Find out what suits you best
Want to dive deeper into the Wallet?
What does Wallet consist of?
Wallet consists of two main types of ETF funds. The first are funds tracking the European Central Bank’s base deposit rate. The second type includes short-term bonds (maturing in 3–5 years) of the largest eurozone countries and global companies.
Governments and companies borrow money short-term through bonds, repaying it with some interest. Wallet’s goal is to provide ordinary people access to the returns at which these governments and companies currently borrow. To minimize value fluctuation risk, we have excluded stocks of global companies from Wallet. We have also excluded bonds with longer maturities or lower credit ratings since they carry higher value fluctuation risks.
What risks do I take in Wallet?
Wallet is designed so its value fluctuations are minimal. The biggest threat is rising interest rates, which cause its value to decline. However, the portfolio is built to ensure this risk does not significantly threaten you when investing for the recommended 1–3 years.
The opposite also applies - if interest rates fall, Wallet’s value rises more sharply. This product performs best during periods of falling interest rates. Aside from interest rate risk, other types of risk are negligible. You are protected against issuer bankruptcy (e.g., governments or companies) included in the portfolio due to broad diversification among many bonds and exclusively using high-credit-rating bonds (so-called investment-grade instruments). For ETFs tracking central bank interest rates, investors also bear counterparty risk arising from swap contracts through which the fund achieves this yield. Counterparties are large banks (e.g., Société Générale, Deutsche Bank, etc.). However, strict regulation protects you sufficiently against this risk. Within the fund, the risk from a single counterparty cannot exceed 10%. Swaps are fully collateralized. Only amounts over 500,000 euros may not be fully collateralized in derivatives, which is negligible given funds managing billions of euros. In case of counterparty failure, the fund’s assets remain in the exchange basket (quality bonds, possibly stocks).
How does inflation devalue savings in banks?
Inflation means prices of goods and services in the economy gradually rise. Money held in regular or savings accounts thus loses value gradually, as it buys fewer things. Conservative low-risk investing via Wallet can protect your savings better than a bank.

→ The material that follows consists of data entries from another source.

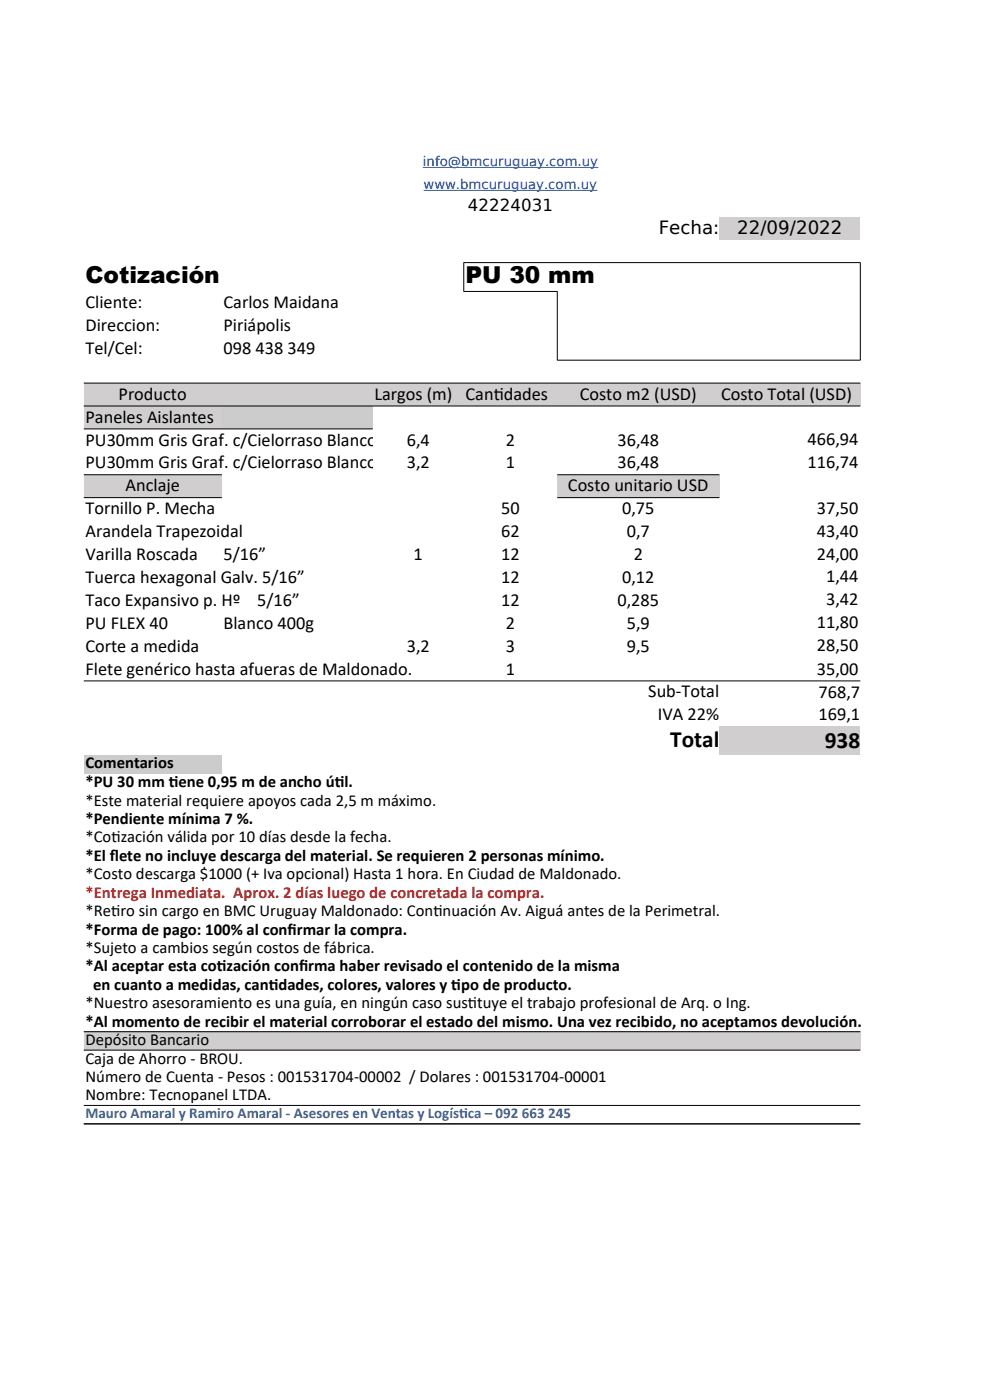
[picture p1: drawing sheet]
<svg xmlns="http://www.w3.org/2000/svg" width="210mm" height="297mm" viewBox="0 0 210 297" stroke-linecap="round" stroke-linejoin="round" font-family="sans-serif">
<defs><g id="words">
<g font-size="4.9">
<text x="18.1" y="60">Cotización</text>
<text x="98.7" y="60">PU 30 mm</text>
<text x="142.2" y="158.4">Total</text>
<text x="175" y="158.6">938</text>
</g>
<g font-size="3.9">
<text x="139.7" y="49.6">Fecha:</text>
<text x="156.4" y="49.6">22/09/2022</text>
<text x="18.1" y="65.4">Cliente:</text>
<text x="47.4" y="65.4">Carlos Maidana</text>
<text x="18.1" y="70.2">Direccion:</text>
<text x="47.4" y="70.2">Piriápolis</text>
<text x="18.1" y="75.1">Tel/Cel:</text>
<text x="47.4" y="75.1">098 438 349</text>
<text x="18.1" y="89.7">Paneles Aislantes</text>
<text x="25.1" y="84.8">Producto</text>
<text x="79.5" y="84.8">Largos (m)</text>
<text x="98.7" y="84.8">Cant</text>
<text x="104.7" y="84.8">idades</text>
<text x="123" y="84.8">Costo m2 (USD)</text>
<text x="153" y="84.8">Costo Total (USD)</text>
<text x="18.1" y="94.5">PU30mm Gris Graf. c/Cielorraso Blanco</text>
<text x="86.3" y="94.5">6,4</text>
<text x="107.3" y="94.5">2</text>
<text x="131" y="94.5">36,48</text>
<text x="171.3" y="94.4">466,94</text>
<text x="18.1" y="99.4">PU30mm Gris Graf. c/Cielorraso Blanco</text>
<text x="86.3" y="99.4">3,2</text>
<text x="107.3" y="99.4">1</text>
<text x="131" y="99.4">36,48</text>
<text x="171.3" y="99.3">116,74</text>
<text x="26.6" y="104.3">Anclaje</text>
<text x="120.5" y="104.3">Costo unitario USD</text>
<text x="18.1" y="109.1">Tornillo P. Mecha</text>
<text x="18.1" y="114">Arandela Trapezoidal</text>
<text x="106.3" y="109.1">50</text>
<text x="106.3" y="114">62</text>
<text x="132" y="109.1">0,75</text>
<text x="133" y="114">0,7</text>
<text x="173.3" y="109">37,50</text>
<text x="173.3" y="113.8">43,40</text>
<text x="18.1" y="118.8">Varilla Roscada</text>
<text x="47.4" y="118.8">5/16”</text>
<text x="87.7" y="118.8">1</text>
<text x="106.3" y="118.8">12</text>
<text x="134.4" y="118.8">2</text>
<text x="173.3" y="118.7">24,00</text>
<text x="18.1" y="123.7">Tuerca hexagonal Galv. 5/16”</text>
<text x="106.3" y="123.7">12</text>
<text x="132" y="123.7">0,12</text>
<text x="175.3" y="123.5">1,44</text>
<text x="18.1" y="128.6">Taco Expansivo p. Hº</text>
<text x="54.6" y="128.6">5/16”</text>
<text x="106.3" y="128.6">12</text>
<text x="131" y="128.6">0,285</text>
<text x="175.3" y="128.4">3,42</text>
<text x="18.1" y="133.4">PU FLEX 40</text>
<text x="47.4" y="133.4">Blanco 400g</text>
<text x="107.3" y="133.4">2</text>
<text x="133" y="133.4">5,9</text>
<text x="173.3" y="133.3">11,80</text>
<text x="18.1" y="138.3">Corte a medida</text>
<text x="18.1" y="143.1">Flete genérico hasta afueras de Maldonado.</text>
<text x="86.3" y="138.3">3,2</text>
<text x="107.3" y="138.3">3</text>
<text x="107.3" y="143.1">1</text>
<text x="133" y="138.3">9,5</text>
<text x="173.3" y="138.2">28,50</text>
<text x="173.3" y="143.1">35,00</text>
<text x="137.5" y="147.9">Sub-Total</text>
<text x="173.6" y="148">768,7</text>
<text x="139.6" y="152.7">IVA 22%</text>
<text x="173.6" y="152.8">169,1</text>
</g>
<g font-size="3.5">
<text x="99.3" y="44.8">42224031</text>
<text x="18.1" y="162.9">Comentarios</text>
<text x="18.1" y="167">*PU 30 mm t</text>
<text x="35.8" y="167">iene 0,95 m de ancho út</text>
<text x="71" y="167">il.</text>
<text x="18.1" y="170.9">*Este material requiere apoyos cada 2,5 m máximo.</text>
<text x="18.1" y="174.8">*Pendiente mínima 7 %.</text>
<text x="18.1" y="178.7">*Cot</text>
<text x="23.6" y="178.7">ización válida por 10 días desde la fecha.</text>
<text x="18.1" y="182.6">*El f</text>
<text x="23.3" y="182.6">lete no incluye descarga del material. Se requieren 2 personas mínimo.</text>
<text x="18.1" y="186.5">*Costo descarga $1000 (+ Iva opcional) Hasta 1 hora. En Ciudad de Maldonado.</text>
<text x="18.1" y="194.4">*Ret</text>
<text x="23.6" y="194.4">iro sin cargo en BMC Uruguay Maldonado: Cont</text>
<text x="91.9" y="194.4">inuación Av. Aiguá antes de la Perimetral.</text>
<text x="18.1" y="198.3">*Forma de pago: 100% al conf</text>
<text x="18.1" y="202.2">*Sujeto a cambios según costos de fábrica.</text>
<text x="61" y="198.3">irmar la compra.</text>
<text x="18.1" y="206.1">*Al aceptar esta cot</text>
<text x="19.7" y="210">en cuanto a medidas, cant</text>
<text x="46" y="206.1">ización conf</text>
<text x="57" y="210">idades, colores, valores y t</text>
<text x="63.4" y="206.1">irma haber revisado el contenido de la misma</text>
<text x="95.7" y="210">ipo de producto.</text>
<text x="18.1" y="213.9">*Nuestro asesoramiento es una guía, en ningún caso sust</text>
<text x="99.3" y="213.9">ituye el trabajo profesional de Arq. o Ing.</text>
<text x="18.1" y="217.8">*Al momento de recibir el material corroborar el estado del mismo. Una vez recibido, no aceptamos devolución.</text>
<text x="18.1" y="221.7">Depósito Bancario</text>
<text x="18.1" y="225.6">Caja de Ahorro - BROU.</text>
<text x="18.1" y="229.6">Número de Cuenta - Pesos : 001531704-00002 / Dolares : 001531704-00001</text>
<text x="18.1" y="233.4">Nombre: Tecnopanel LTDA.</text>
</g>
<text font-size="3.5" fill="#c9211e" x="18.1" y="190.4">*Entrega Inmediata. Aprox. 2 días luego de concretada la compra.</text>
<g font-size="3.2" fill="#3465a4">
<text x="18.1" y="237.3">Mauro Amaral y Ramiro Amaral - Asesores en Ventas y Logíst</text>
<text x="97.4" y="237.3">ica – 092 663 245</text>
</g>
<g font-size="2.8" fill="#00f">
<text x="89.7" y="35.2">info@bmcuruguay.com.uy</text>
<text x="89.9" y="40.1">www.bmcuruguay.com.uy</text>
</g>
</g></defs>
<g fill="#d0cece">
<path d="M152.6 46h29.9v4.8h-29.9z" fill-rule="evenodd"/>
<path d="M17.8 81.2h164.7v4.9h-164.7z" fill-rule="evenodd"/>
<path d="M17.8 86.1h29.2v4.9h-29.2z" fill-rule="evenodd"/>
</g>
<path d="M47 86.1h32v4.9h-32z" fill-rule="evenodd" fill="#ccc"/>
<g fill="#d0cece">
<path d="M17.8 100.7h29.2v4.9h-29.2z" fill-rule="evenodd"/>
<path d="M118.2 100.7h34.4v4.9h-34.4z" fill-rule="evenodd"/>
<path d="M152.6 154.1h29.9v6.1h-29.9z" fill-rule="evenodd"/>
</g>
<path d="M17.8 160.2h29.2v3.9h-29.2z" fill-rule="evenodd" fill="#ccc"/>
<path d="M17.8 218.8h164.7v4h-164.7z" fill-rule="evenodd" fill="#d0cece"/>
<g fill="none" stroke="#000" stroke-width=".21">
<path d="M182.5 55.7v20.7M182.5 55.7h-84.1v6.2l19.8-.1M118.2 61.8v14.6h64.3M17.8 81.3h164.7M17.8 86.1h164.7M17.8 91h61.3M17.8 100.7h29.3M17.8 105.6h29.3M118.2 100.7h34.4M118.2 105.6h34.4M17.8 144.5h164.7M17.8 218.9h164.7"/>
<path d="M17.8 222.8h164.7M17.8 234.5h164.7M17.8 238.4h164.7"/>
</g>
<path d="M89.7 35.5h37.2M89.9 40.4h36.8" fill="none" stroke="#00f" stroke-width=".21"/>
<use href="#words"/>
</svg>

If you want to avoid the harmful power of inflation, do not leave your short-term savings in a regular account; otherwise, their purchasing power will be less when you need them. European households deposited a whopping €9,555 billion. With a 2% inflation, this amount drops by almost €200 billion. However, if you have savings on a bank account that you will need in 3 or more years and can leave invested longer, you don’t have to restrict yourself to conservative investing in Wallet. In that case, we recommend considering longer-term investing in ETFs that outperform inflation even more convincingly.
When to choose Smart Deposit and when Wallet?
The minimum investment in this product is set at 50,000 euros. Clients saving with Finax for at least 5 years can draw an annuity from as little as 10,000 euros.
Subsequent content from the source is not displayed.